The Sapienza University of Rome - Faculty of Medicine Rome, October 2011.

Experiments to harness ChatGPT in education are under way in many universities.Credit: Riccardo Venturi/Contrasto/eyevine

Teachers were spooked when ChatGPT was launched a year ago. The artificial-intelligence (AI) chatbot can write lucid, apparently well-researched essays in response to assignment questions, forcing educators around the world to rethink their evaluation methods. A few countries brought back pen-and-paper exams. And some schools are ‘flipping’ the classroom model: students do their assignments at school, after learning about a subject at home.

But after that initial shock, educators have started studying the chatbots’ potential benefits. As we report in a News feature, experiments to harness the use of ChatGPT in education are under way in many schools and universities. There are risks, but some educators think that ChatGPT and other large language models (LLMs) can be powerful learning tools. They could help students by providing a personalized tutoring experience that is available at any time and might be accessible to more students than human tutors would be. Or they could help teachers and students by making information and concepts normally restricted to textbooks much easier to find and digest.

There are still problems to be ironed out. Questions remain about whether LLMs can be made accurate and reliable enough to be trusted as learning assistants. It’s too soon to know what their ultimate effect on education will be, but more institutions need to explore ChatGPT’s advantages and pitfalls, and share what they are learning, or their students might miss out on a valuable tool.

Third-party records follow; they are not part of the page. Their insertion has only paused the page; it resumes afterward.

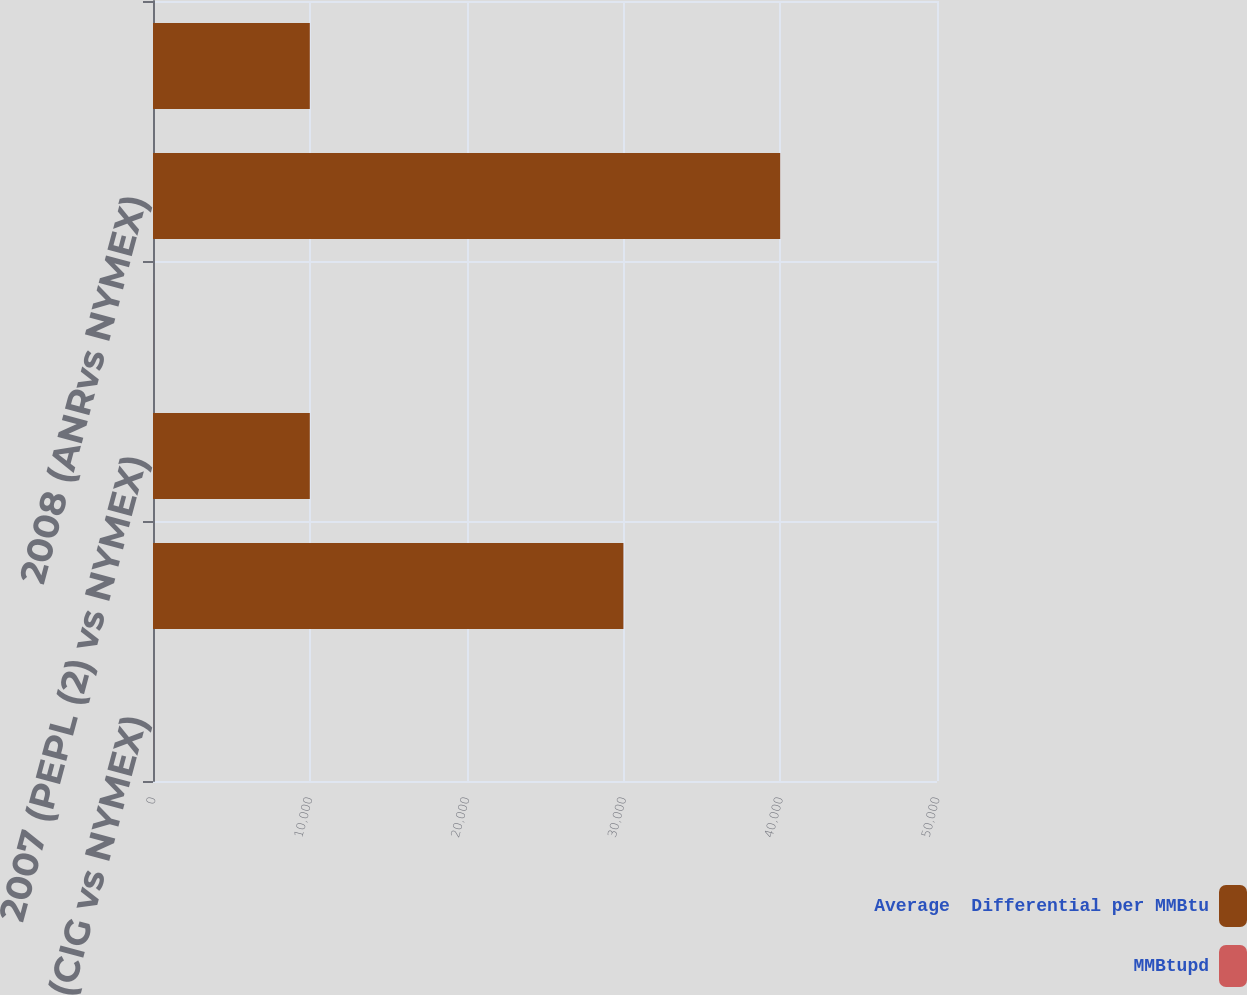Convert chart to OTSL. <chart><loc_0><loc_0><loc_500><loc_500><stacked_bar_chart><ecel><fcel>2007 (CIG vs NYMEX)<fcel>2007 (ANR (1) vs NYMEX)<fcel>2007 (PEPL (2) vs NYMEX)<fcel>2008 (CIG vs NYMEX)<fcel>2008 (ANRvs NYMEX)<fcel>2008 (PEPL vs NYMEX)<nl><fcel>Average  Differential per MMBtu<fcel>1.84<fcel>30000<fcel>10000<fcel>1.84<fcel>40000<fcel>10000<nl><fcel>MMBtupd<fcel>2.02<fcel>1.17<fcel>1.11<fcel>1.66<fcel>1.01<fcel>0.98<nl></chart> 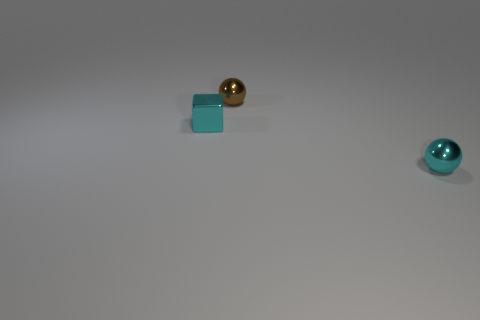Add 1 cyan cubes. How many objects exist? 4 Subtract all blocks. How many objects are left? 2 Subtract 0 red cylinders. How many objects are left? 3 Subtract all shiny cubes. Subtract all brown objects. How many objects are left? 1 Add 2 metallic blocks. How many metallic blocks are left? 3 Add 1 small brown things. How many small brown things exist? 2 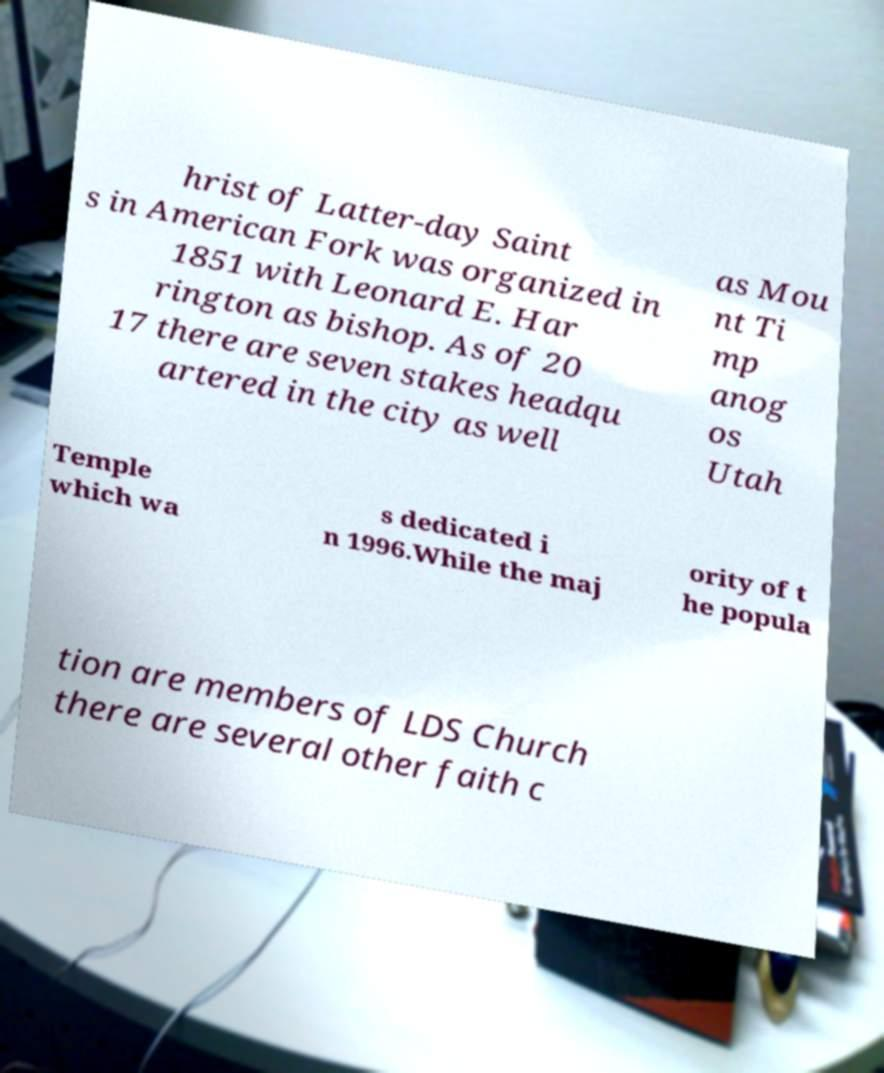Could you assist in decoding the text presented in this image and type it out clearly? hrist of Latter-day Saint s in American Fork was organized in 1851 with Leonard E. Har rington as bishop. As of 20 17 there are seven stakes headqu artered in the city as well as Mou nt Ti mp anog os Utah Temple which wa s dedicated i n 1996.While the maj ority of t he popula tion are members of LDS Church there are several other faith c 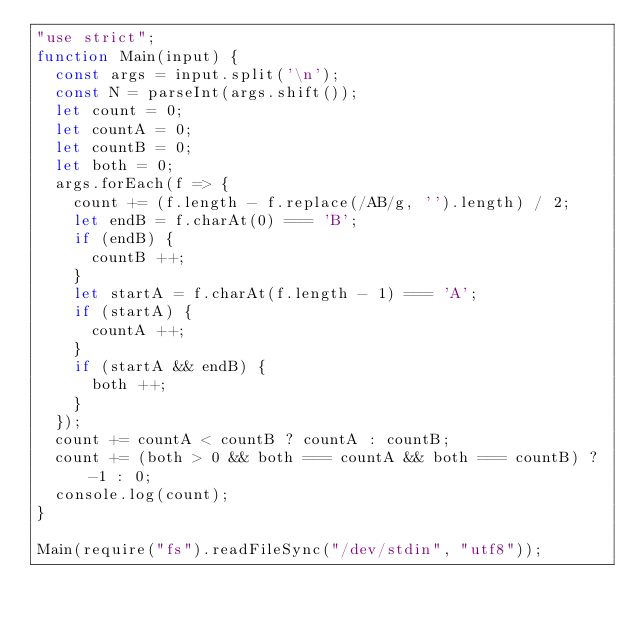<code> <loc_0><loc_0><loc_500><loc_500><_JavaScript_>"use strict";
function Main(input) {
  const args = input.split('\n');
  const N = parseInt(args.shift());
  let count = 0;
  let countA = 0;
  let countB = 0;
  let both = 0;
  args.forEach(f => {
    count += (f.length - f.replace(/AB/g, '').length) / 2;
    let endB = f.charAt(0) === 'B';
    if (endB) {
      countB ++;
    }
    let startA = f.charAt(f.length - 1) === 'A';
    if (startA) {
      countA ++;
    }
    if (startA && endB) {
      both ++;
    }
  });
  count += countA < countB ? countA : countB;
  count += (both > 0 && both === countA && both === countB) ? -1 : 0;
  console.log(count);
}

Main(require("fs").readFileSync("/dev/stdin", "utf8"));</code> 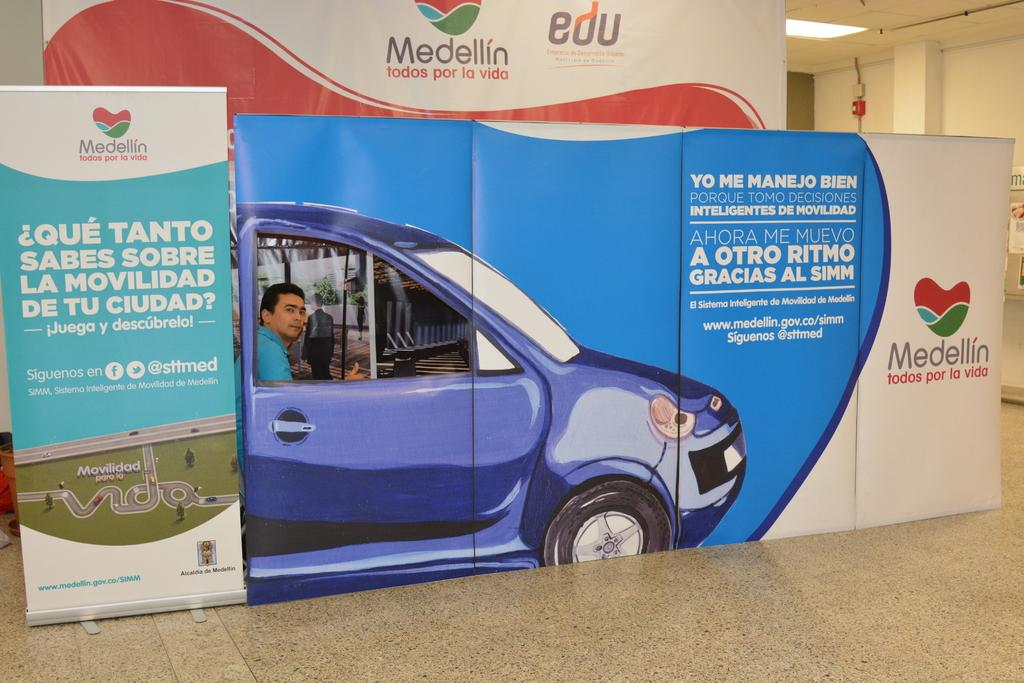What is written on the board in the image? There is written text on a board in the image. What can be seen under the board in the image? The floor is visible in the image. How many people are in the image? There is at least one person in the image. What is visible behind the person in the image? There is a wall in the background of the image. What is above the person in the image? The ceiling is visible in the image. What is attached to the ceiling in the image? There is a light on the ceiling. What type of event is being celebrated in the image? There is no indication of an event being celebrated in the image. 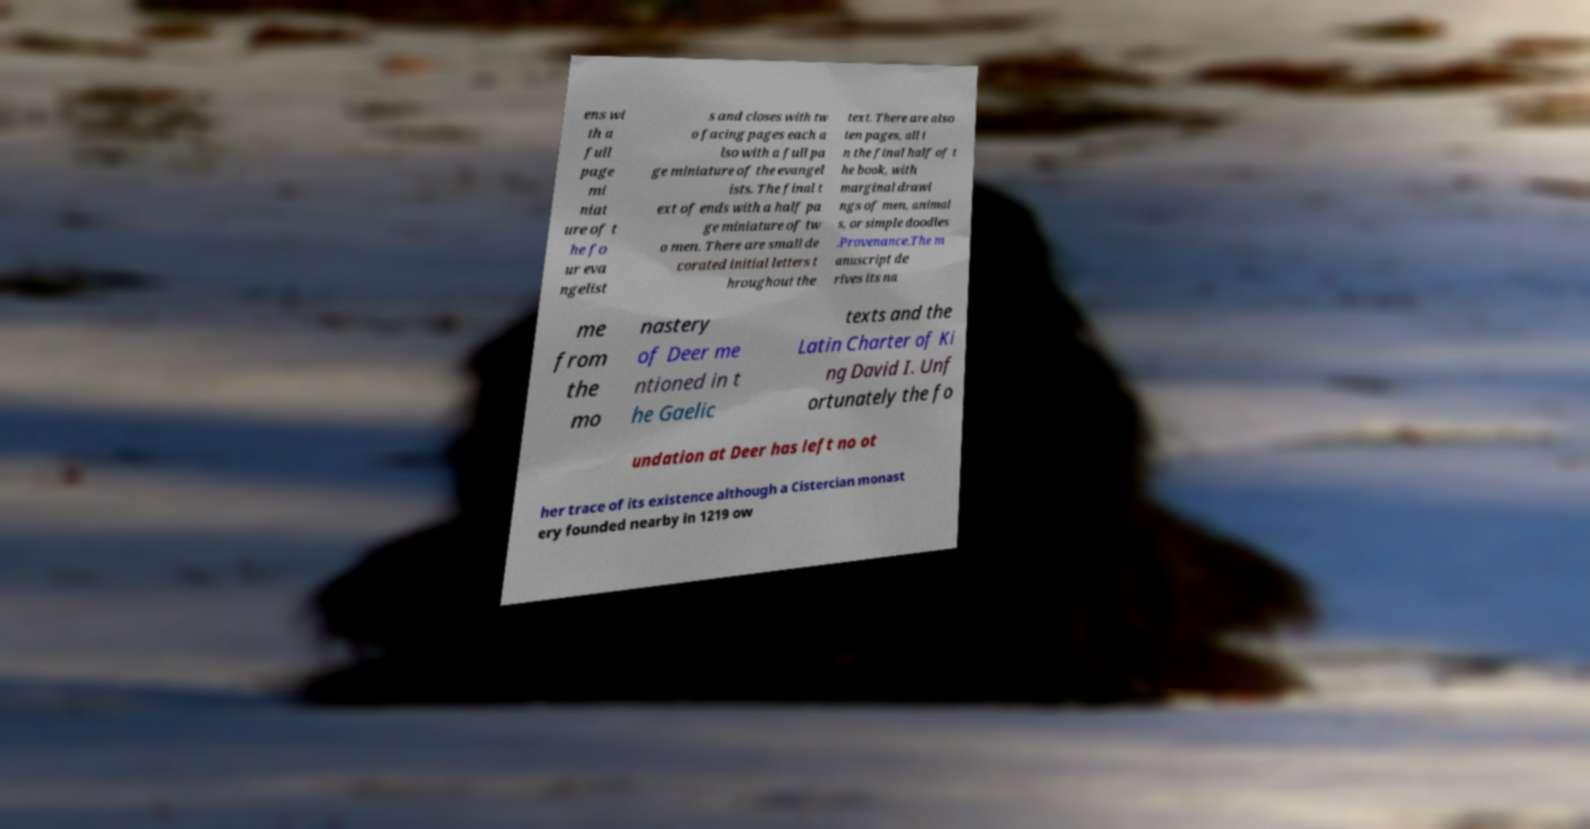Please read and relay the text visible in this image. What does it say? ens wi th a full page mi niat ure of t he fo ur eva ngelist s and closes with tw o facing pages each a lso with a full pa ge miniature of the evangel ists. The final t ext of ends with a half pa ge miniature of tw o men. There are small de corated initial letters t hroughout the text. There are also ten pages, all i n the final half of t he book, with marginal drawi ngs of men, animal s, or simple doodles .Provenance.The m anuscript de rives its na me from the mo nastery of Deer me ntioned in t he Gaelic texts and the Latin Charter of Ki ng David I. Unf ortunately the fo undation at Deer has left no ot her trace of its existence although a Cistercian monast ery founded nearby in 1219 ow

Many students are already using ChatGPT. Within months of its launch, reports surfaced of students using the chatbot to do their homework and essays for them. Teachers were often unimpressed by the quality of the output. Crucially, the chatbot was inventing fictitious references or citations. And although it excelled in some mathematical tests1, it didn’t do as well in others. That’s because ChatGPT has not been trained specifically to solve mathematical problems — rather, it finds plausible words to finish a sentence or respond to a query on the basis of billions of pieces of text it has seen.

In a February preprint, researchers described how, in a benchmark set of relatively simple mathematical problems usually answered by students aged 12–17, ChatGPT answered about half of the questions correctly2. If the problems were more complex — requiring ChatGPT to do four or more additions or subtractions in the same calculation — it was particularly likely to fail.

And the authors of a preprint study published in July found that the mathematical skills of the LLM that underlies ChatGPT might have worsened3. In March 2023, the GPT-4 version of the chatbot correctly differentiated between prime and composite numbers 84% of the time. By June, it did so in only 51% of cases. The study’s authors note that “improving the model’s performance on some tasks, for example with fine-tuning on additional data, can have unexpected side effects on its behavior in other tasks”.

Despite these risks, educators should not avoid using LLMs. Rather, they need to teach students the chatbots’ strengths and weaknesses and support institutions’ efforts to improve the models for education-specific purposes. This could mean building task-specific versions of LLMs that harness their strengths in dialogue and summarization and minimize the risks of a chatbot providing students with inaccurate information or enabling them to cheat.

Arizona State University (ASU), for example, is rolling out a platform that enables faculty members to use generative AI models, including GPT-4 and Google’s Bard — another LLM-powered chatbot. The platform uses a technique called retrieval-augmented generation in ASU courses. ChatGPT or Bard are instructed to seek answers to users’ questions in specific data sets, such as scientific papers or lecture notes. This approach not only harnesses the chatbots’ conversational power, but also reduces the chance of errors.

One of the greatest risks is that LLMs might perpetuate or worsen long-standing societal concerns, such as biases and discrimination. For example, when summarizing existing literature, LLMs probably take cues from their training data and give less weight to the viewpoints of people from under-represented groups. ASU says that its platform helps to address such concerns by ensuring that the LLMs provide the sources that they used to generate answers, allowing students to think critically about whose ideas the chatbots present.

Vanderbilt University in Nashville, Tennessee, has an initiative called the Future of Learning and Generative AI. Students who need to use ChatGPT, for courses such as computer science, get access to a paid version. This variant of the chatbot can use other programs to execute computer code, augmenting the bot’s mathematical capabilities.

As understanding of the LLMs’ power and limitations increases, more university-wide initiatives will no doubt emerge. Using LLMs without considering their downsides is counterproductive. For many educational purposes, error-prone tools are unhelpful at best and, at worst, damage students’ ability to learn. But some institutes, such as ASU, are trying to reduce the LLMs’ weaknesses — even aiming to turn those into strengths by, for example, using them to improve students’ critical-thinking skills. Educators must be bold to avoid missing a huge opportunity — and vigilant to ensure that institutions everywhere use LLMs in a way that makes the world better, not worse.